__Work item__: Copy out exactly the stretch of the listing below that begins at the line containing "Find the listed" and ends at the line containing "- large box (515,369,724,568)", and copy nothing outside it.

__Task material__:
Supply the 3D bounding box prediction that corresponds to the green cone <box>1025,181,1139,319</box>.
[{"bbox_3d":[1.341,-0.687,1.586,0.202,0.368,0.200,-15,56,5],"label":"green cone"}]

---

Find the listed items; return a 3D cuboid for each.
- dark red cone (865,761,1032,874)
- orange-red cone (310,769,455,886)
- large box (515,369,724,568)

__Final answer__:
Find the listed items; return a 3D cuboid for each.
- dark red cone (865,761,1032,874)
- orange-red cone (310,769,455,886)
- large box (515,369,724,568)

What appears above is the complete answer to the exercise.